A Technical Update on the Mini-Crash in Gold

By David Banister  JAN 04, 2013 11:25 AM

Nobody predicted that gold would drop from 1690 to 1625 inside of 48 hours this week. So what happens now?

 


Let's make one thing clear: Nobody I know, including myself, predicted that gold would drop from 1690 to 1625 inside of 48 hours this week. That was not in the charts and so I won’t even pretend I was going to see that train coming through the tunnel.

With that said, let's try to let the dust settle but take a look objectively at some possibilities.

1. We all know that some FOMC minutes released did in fact cause some major downside in gold based on potential for eventual end to QE in the US down the road. It did cause stops to trigger, probably some margin calls, and then more stops creating a mini crash of near 4% on the metal.
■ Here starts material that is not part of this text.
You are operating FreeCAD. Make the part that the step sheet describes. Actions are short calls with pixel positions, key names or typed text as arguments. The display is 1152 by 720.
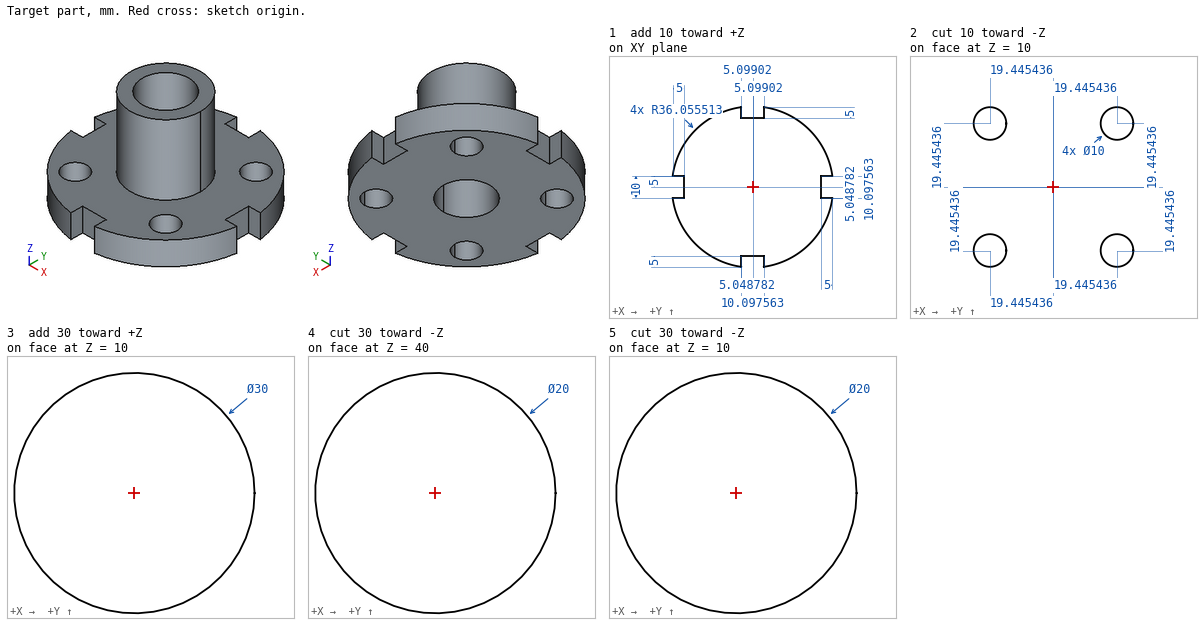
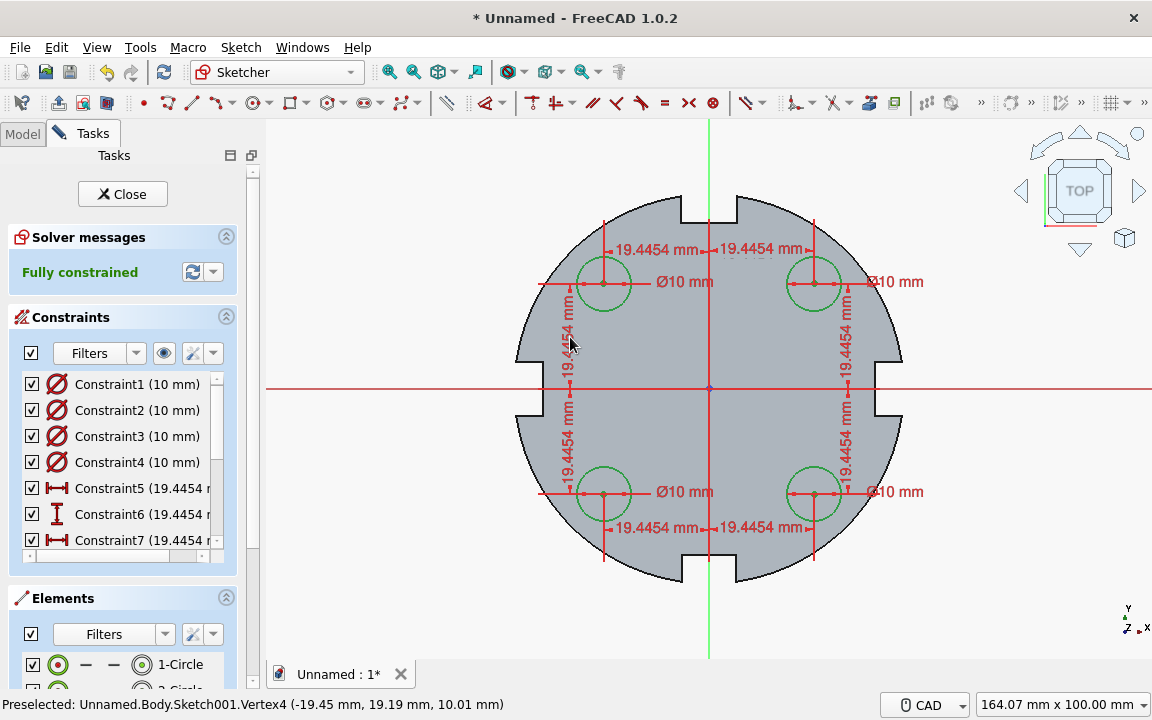
click(123, 194)

2. The ABC pattern appeared to be completed at 1634 last week, especially when we rallied over 1681 pivot. A brief dip to 1625 spot took place this morning early, and we now trade again around the 1631 pivot.

What are the technical options?

Well, if we stick with traditional Elliott Wave Theory, we can see a potential 3-3-5 pattern still unfolding and wave 5 of C is now in play. 3-3-5 patterns have 3 waves down, 3 up, then 5 down to complete the entire ABC Structure.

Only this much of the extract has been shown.